Try it:
Print, exactly as they appear in the listing below, the lines from the line with "table_cell [77, 314, 422, 375]" to the line with "table_cell Aanhangsel van", with both end lines kept.

Data for processing:
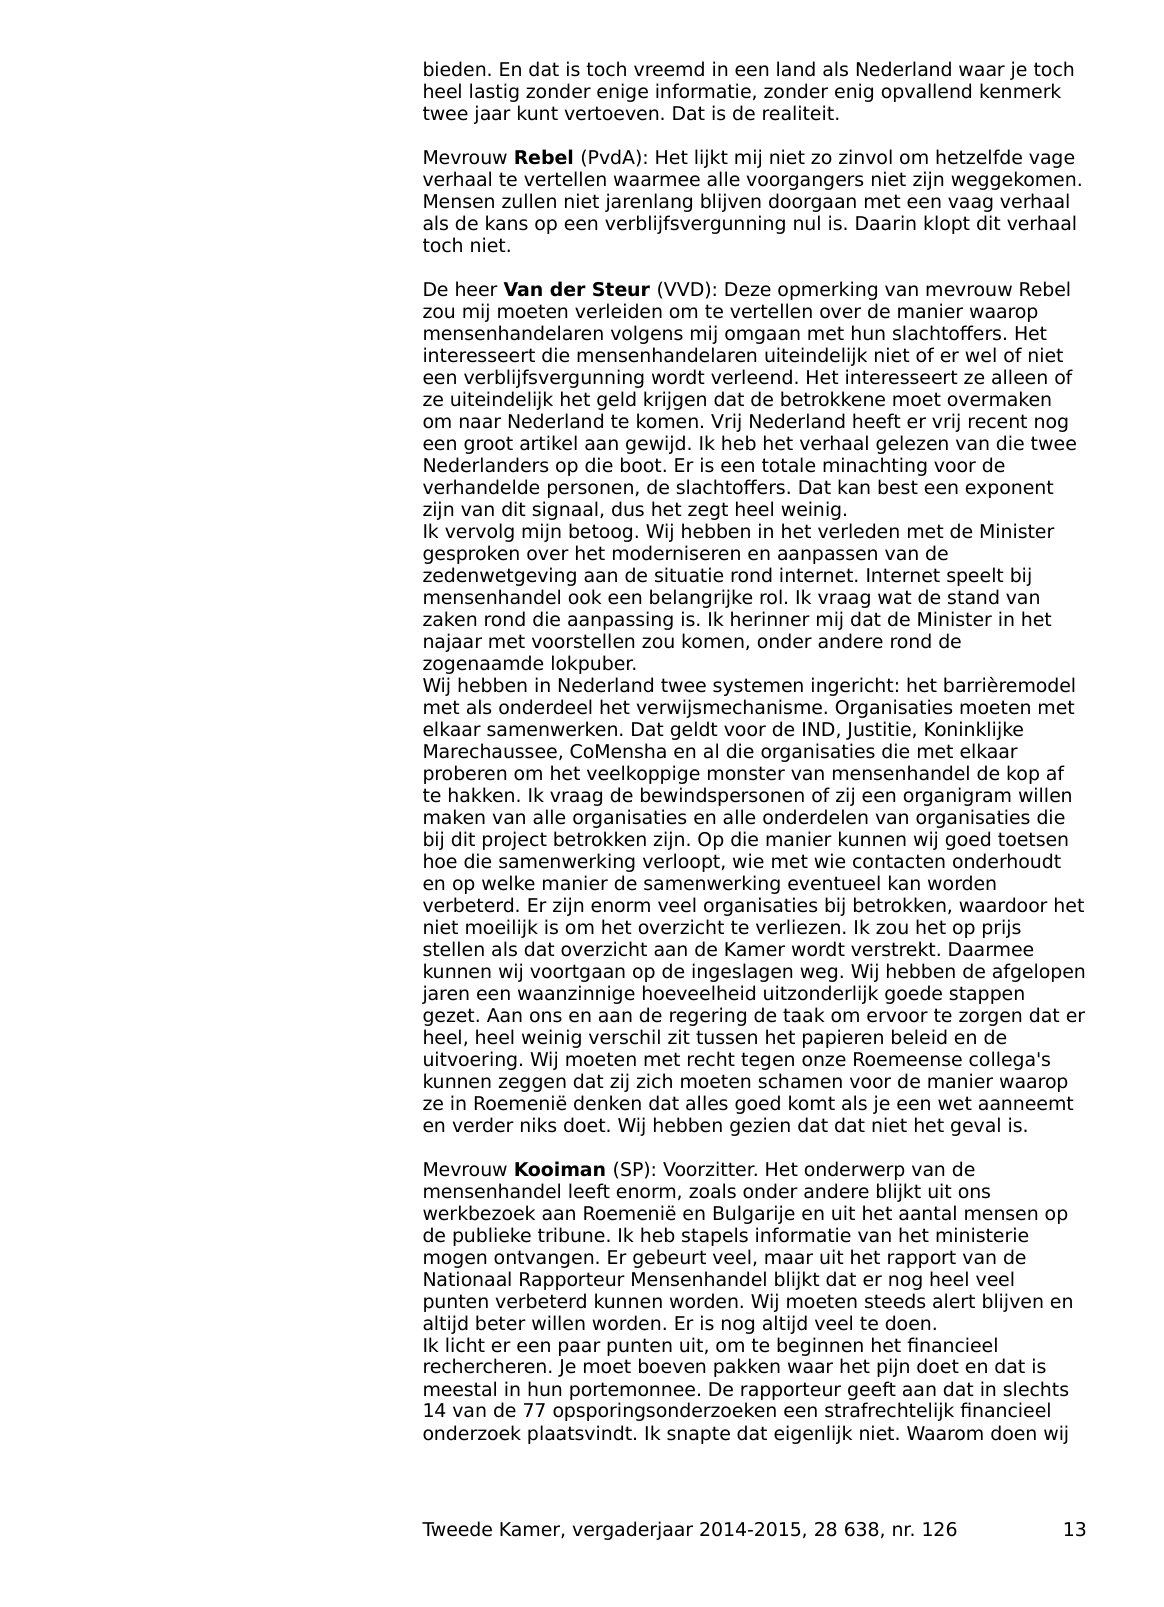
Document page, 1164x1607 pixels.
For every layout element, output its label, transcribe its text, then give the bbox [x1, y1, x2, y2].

text Mevrouw Kooiman (SP): Voorzitter. Het onderwerp van de mensenhandel leeft enorm, zoals onder andere blijkt uit ons werkbezoek aan Roemenië en Bulgarije en uit het aantal mensen op de publieke tribune. Ik heb stapels informatie van het ministerie mogen ontvangen. Er gebeurt veel, maar uit het rapport van de Nationaal Rapporteur Mensenhandel blijkt dat er nog heel veel punten verbeterd kunnen worden. Wij moeten steeds alert blijven en altijd beter willen worden. Er is nog altijd veel te doen. [422, 1159, 1087, 1334]
text Ik licht er een paar punten uit, om te beginnen het financieel rechercheren. Je moet boeven pakken waar het pijn doet en dat is meestal in hun portemonnee. De rapporteur geeft aan dat in slechts 14 van de 77 opsporingsonderzoeken een strafrechtelijk financieel onderzoek plaatsvindt. Ik snapte dat eigenlijk niet. Waarom doen wij [422, 1334, 1087, 1444]
text Ik vervolg mijn betoog. Wij hebben in het verleden met de Minister gesproken over het moderniseren en aanpassen van de zedenwetgeving aan de situatie rond internet. Internet speelt bij mensenhandel ook een belangrijke rol. Ik vraag wat de stand van zaken rond die aanpassing is. Ik herinner mij dat de Minister in het najaar met voorstellen zou komen, onder andere rond de zogenaamde lokpuber. [422, 521, 1087, 675]
text Mevrouw Rebel (PvdA): Het lijkt mij niet zo zinvol om hetzelfde vage verhaal te vertellen waarmee alle voorgangers niet zijn weggekomen. Mensen zullen niet jarenlang blijven doorgaan met een vaag verhaal als de kans op een verblijfsvergunning nul is. Daarin klopt dit verhaal toch niet. [422, 147, 1087, 257]
text Wij hebben in Nederland twee systemen ingericht: het barrièremodel met als onderdeel het verwijsmechanisme. Organisaties moeten met elkaar samenwerken. Dat geldt voor de IND, Justitie, Koninklijke Marechaussee, CoMensha en al die organisaties die met elkaar proberen om het veelkoppige monster van mensenhandel de kop af te hakken. Ik vraag de bewindspersonen of zij een organigram willen maken van alle organisaties en alle onderdelen van organisaties die bij dit project betrokken zijn. Op die manier kunnen wij goed toetsen hoe die samenwerking verloopt, wie met wie contacten onderhoudt en op welke manier de samenwerking eventueel kan worden verbeterd. Er zijn enorm veel organisaties bij betrokken, waardoor het niet moeilijk is om het overzicht te verliezen. Ik zou het op prijs stellen als dat overzicht aan de Kamer wordt verstrekt. Daarmee kunnen wij voortgaan op de ingeslagen weg. Wij hebben de afgelopen jaren een waanzinnige hoeveelheid uitzonderlijk goede stappen gezet. Aan ons en aan de regering de taak om ervoor te zorgen dat er heel, heel weinig verschil zit tussen het papieren beleid en de uitvoering. Wij moeten met recht tegen onze Roemeense collega's kunnen zeggen dat zij zich moeten schamen voor de manier waarop ze in Roemenië denken dat alles goed komt als je een wet aanneemt en verder niks doet. Wij hebben gezien dat dat niet het geval is. [422, 675, 1087, 1136]
text De heer Van der Steur (VVD): Deze opmerking van mevrouw Rebel zou mij moeten verleiden om te vertellen over de manier waarop mensenhandelaren volgens mij omgaan met hun slachtoffers. Het interesseert die mensenhandelaren uiteindelijk niet of er wel of niet een verblijfsvergunning wordt verleend. Het interesseert ze alleen of ze uiteindelijk het geld krijgen dat de betrokkene moet overmaken om naar Nederland te komen. Vrij Nederland heeft er vrij recent nog een groot artikel aan gewijd. Ik heb het verhaal gelezen van die twee Nederlanders op die boot. Er is een totale minachting voor de verhandelde personen, de slachtoffers. Dat kan best een exponent zijn van dit signaal, dus het zegt heel weinig. [422, 279, 1087, 521]
text bieden. En dat is toch vreemd in een land als Nederland waar je toch heel lastig zonder enige informatie, zonder enig opvallend kenmerk twee jaar kunt vertoeven. Dat is de realiteit. [422, 59, 1087, 125]
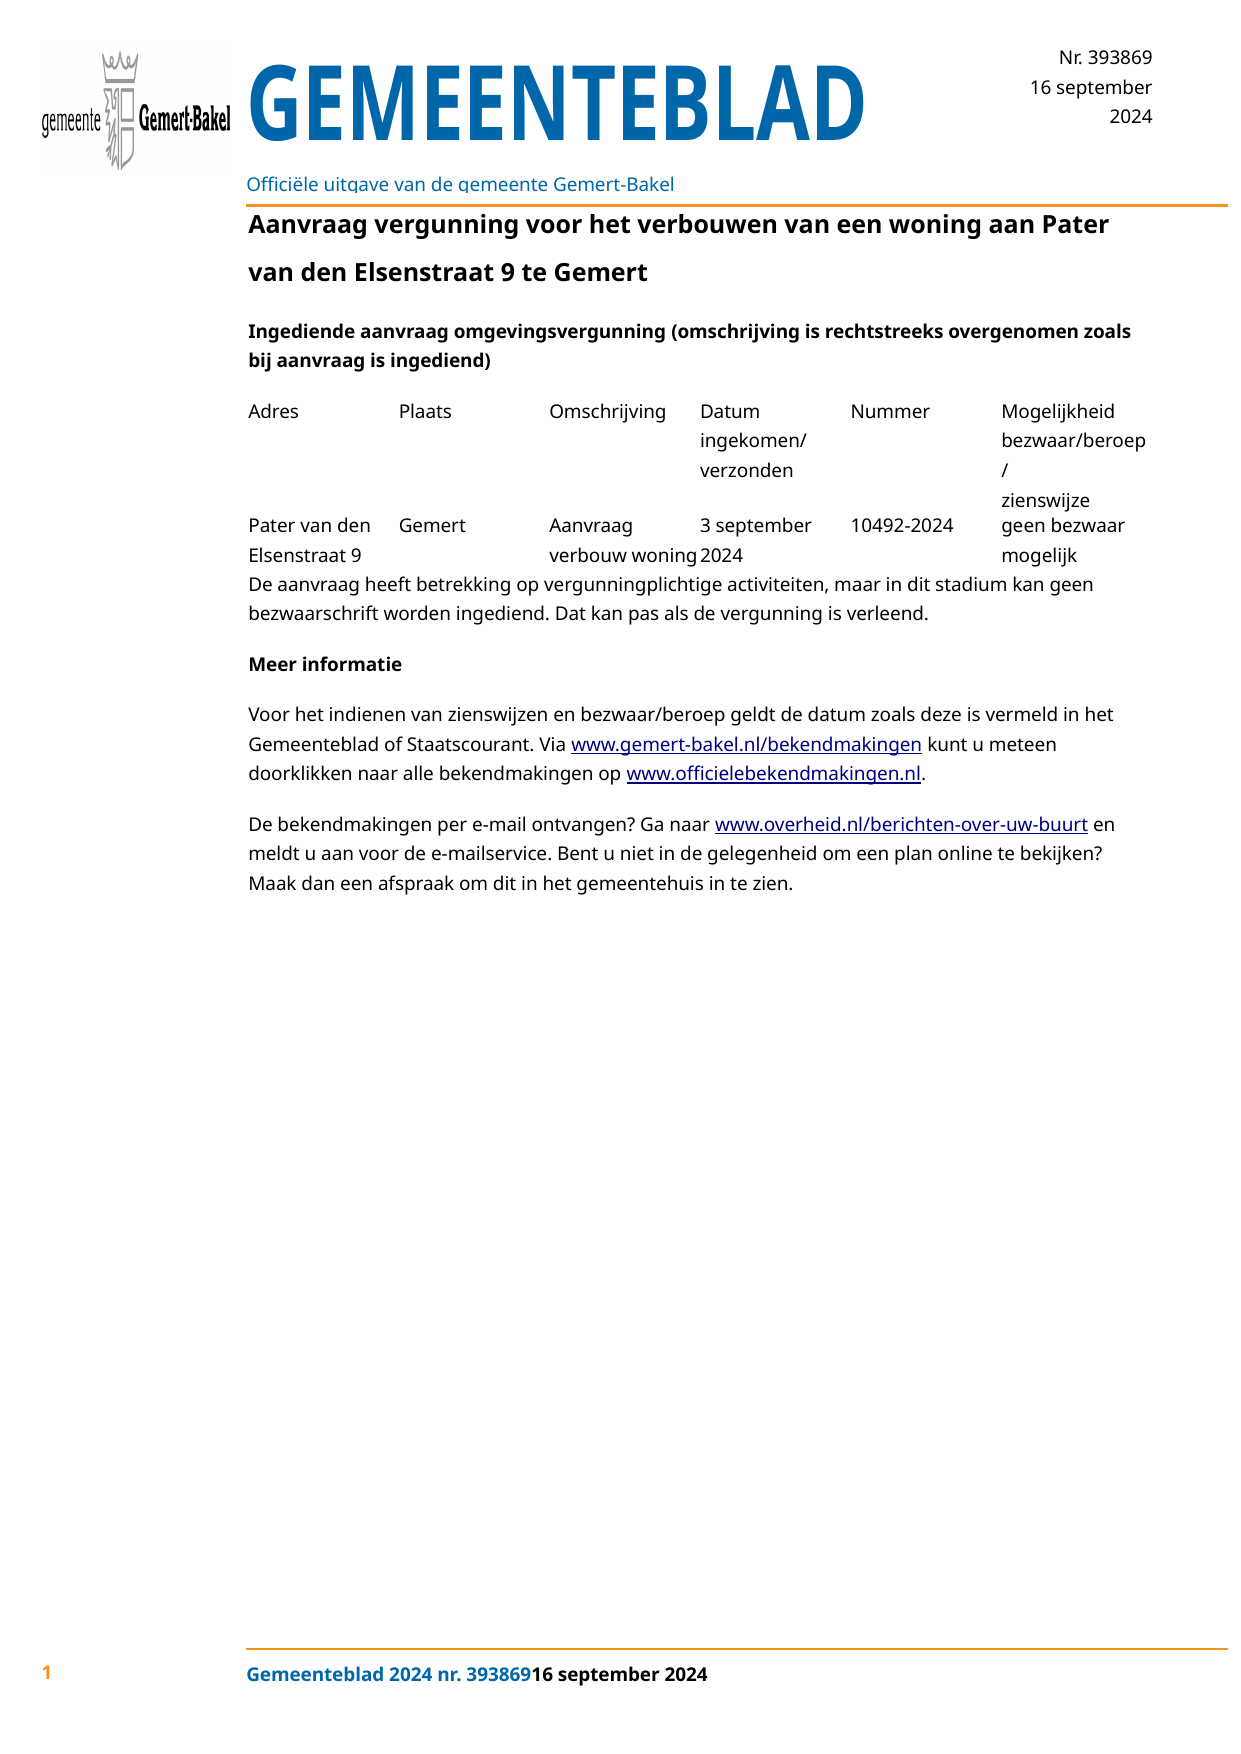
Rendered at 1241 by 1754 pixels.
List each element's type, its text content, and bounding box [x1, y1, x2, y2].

table_header Datum ingekomen/ verzonden [700, 398, 850, 512]
text Voor het indienen van zienswijzen en bezwaar/beroep geldt de datum zoals deze is vermeld in het Gemeenteblad of Staatscourant. Via www.gemert-bakel.nl/bekendmakingen kunt u meteen doorklikken naar alle bekendmakingen op www.officielebekendmakingen.nl. [248, 701, 1152, 786]
table_header Adres [248, 398, 398, 512]
table_header Nummer [850, 398, 1001, 512]
table_cell 10492-2024 [850, 513, 1001, 568]
table_cell Gemert [399, 513, 549, 568]
picture [41, 47, 231, 172]
text De aanvraag heeft betrekking op vergunningplichtige activiteiten, maar in dit stadium kan geen bezwaarschrift worden ingediend. Dat kan pas als de vergunning is verleend. [248, 571, 1152, 626]
text Meer informatie [248, 651, 1152, 677]
table_cell Pater van den Elsenstraat 9 [248, 513, 398, 568]
table_cell geen bezwaar mogelijk [1001, 513, 1152, 568]
text Ingediende aanvraag omgevingsvergunning (omschrijving is rechtstreeks overgenomen zoals bij aanvraag is ingediend) [248, 318, 1152, 373]
table_header Omschrijving [549, 398, 700, 512]
text De bekendmakingen per e-mail ontvangen? Ga naar www.overheid.nl/berichten-over-uw-buurt en meldt u aan voor de e-mailservice. Bent u niet in de gelegenheid om een plan online te bekijken? Maak dan een afspraak om dit in het gemeentehuis in te zien. [248, 811, 1152, 896]
table_header Mogelijkheid bezwaar/beroep/ zienswijze [1001, 398, 1152, 512]
table_cell Aanvraag verbouw woning [549, 513, 700, 568]
table_header Plaats [399, 398, 549, 512]
text Aanvraag vergunning voor het verbouwen van een woning aan Pater van den Elsenstraat 9 te Gemert [248, 207, 1152, 288]
table_cell 3 september 2024 [700, 513, 850, 568]
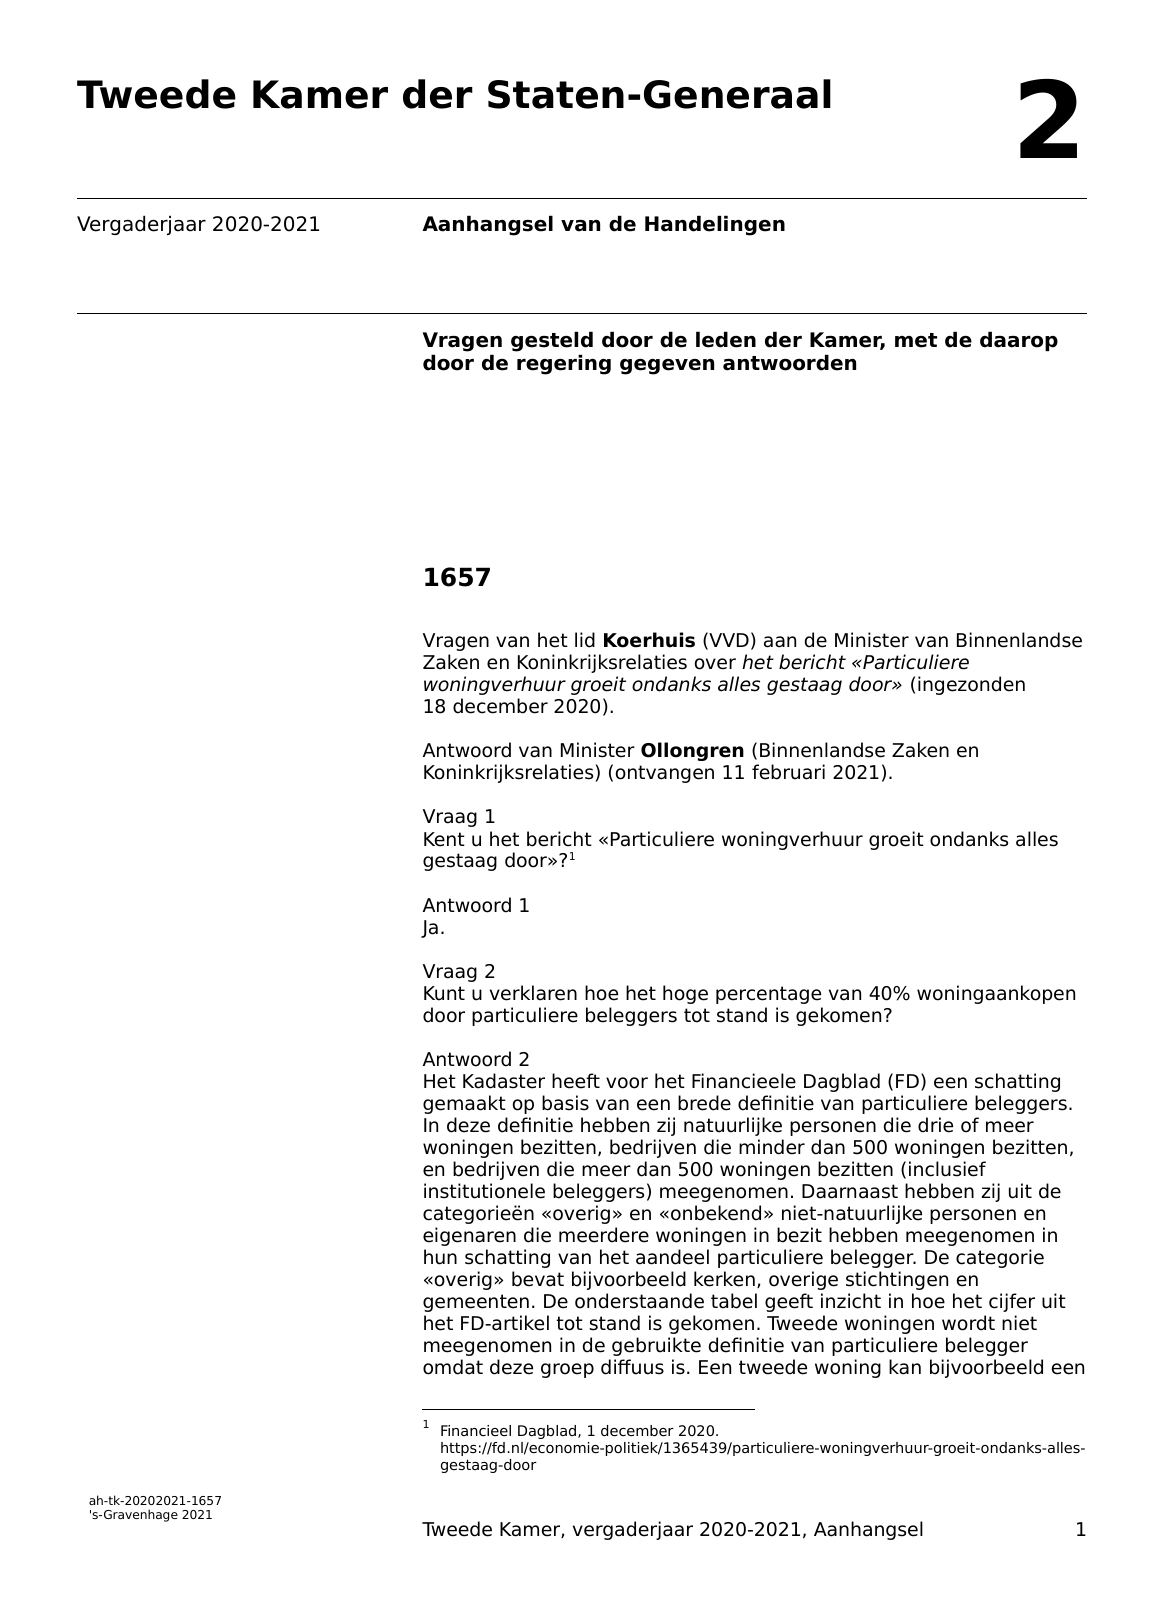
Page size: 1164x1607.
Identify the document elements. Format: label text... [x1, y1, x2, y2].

table_cell [77, 314, 422, 375]
text Ja. [422, 917, 1087, 938]
text ah-tk-20202021-1657 [88, 1494, 323, 1508]
text Kent u het bericht «Particuliere woningverhuur groeit ondanks alles gestaag door»? [422, 828, 1087, 872]
text Kunt u verklaren hoe het hoge percentage van 40% woningaankopen door particuliere beleggers tot stand is gekomen? [422, 983, 1087, 1027]
text Antwoord 1 [422, 894, 1087, 917]
table_header Tweede Kamer der Staten-Generaal [77, 59, 886, 198]
text Vraag 1 [422, 806, 1087, 828]
table_cell Aanhangsel van de Handelingen [422, 199, 1087, 313]
text Financieel Dagblad, 1 december 2020. https://fd.nl/economie-politiek/1365439/particuliere-woningverhuur-groeit-ondanks-alles-gestaag-door [422, 1418, 1087, 1474]
table_header 2 [886, 59, 1087, 198]
text Antwoord 2 [422, 1049, 1087, 1071]
text Vraag 2 [422, 961, 1087, 983]
text 's-Gravenhage 2021 [88, 1508, 323, 1522]
text Het Kadaster heeft voor het Financieele Dagblad (FD) een schatting gemaakt op basis van een brede definitie van particuliere beleggers. In deze definitie hebben zij natuurlijke personen die drie of meer woningen bezitten, bedrijven die minder dan 500 woningen bezitten, en bedrijven die meer dan 500 woningen bezitten (inclusief institutionele beleggers) meegenomen. Daarnaast hebben zij uit de categorieën «overig» en «onbekend» niet-natuurlijke personen en eigenaren die meerdere woningen in bezit hebben meegenomen in hun schatting van het aandeel particuliere belegger. De categorie «overig» bevat bijvoorbeeld kerken, overige stichtingen en gemeenten. De onderstaande tabel geeft inzicht in hoe het cijfer uit het FD-artikel tot stand is gekomen. Tweede woningen wordt niet meegenomen in de gebruikte definitie van particuliere belegger omdat deze groep diffuus is. Een tweede woning kan bijvoorbeeld een [422, 1071, 1087, 1378]
text Vragen van het lid Koerhuis (VVD) aan de Minister van Binnenlandse Zaken en Koninkrijksrelaties over het bericht «Particuliere woningverhuur groeit ondanks alles gestaag door» (ingezonden 18 december 2020). [422, 630, 1087, 718]
table_cell Vergaderjaar 2020-2021 [77, 199, 422, 313]
text Antwoord van Minister Ollongren (Binnenlandse Zaken en Koninkrijksrelaties) (ontvangen 11 februari 2021). [422, 740, 1087, 784]
text 1657 [422, 563, 1087, 592]
table_cell Vragen gesteld door de leden der Kamer, met de daarop door de regering gegeven antwoorden [422, 314, 1087, 375]

Task solution:
table_cell [77, 314, 422, 375]
text Ja. [422, 917, 1087, 938]
text ah-tk-20202021-1657 [88, 1494, 323, 1508]
text Kent u het bericht «Particuliere woningverhuur groeit ondanks alles gestaag door»? [422, 828, 1087, 872]
text Kunt u verklaren hoe het hoge percentage van 40% woningaankopen door particuliere beleggers tot stand is gekomen? [422, 983, 1087, 1027]
text Antwoord 1 [422, 894, 1087, 917]
table_header Tweede Kamer der Staten-Generaal [77, 59, 886, 198]
text Vraag 1 [422, 806, 1087, 828]
table_cell Aanhangsel van de Handelingen [422, 199, 1087, 313]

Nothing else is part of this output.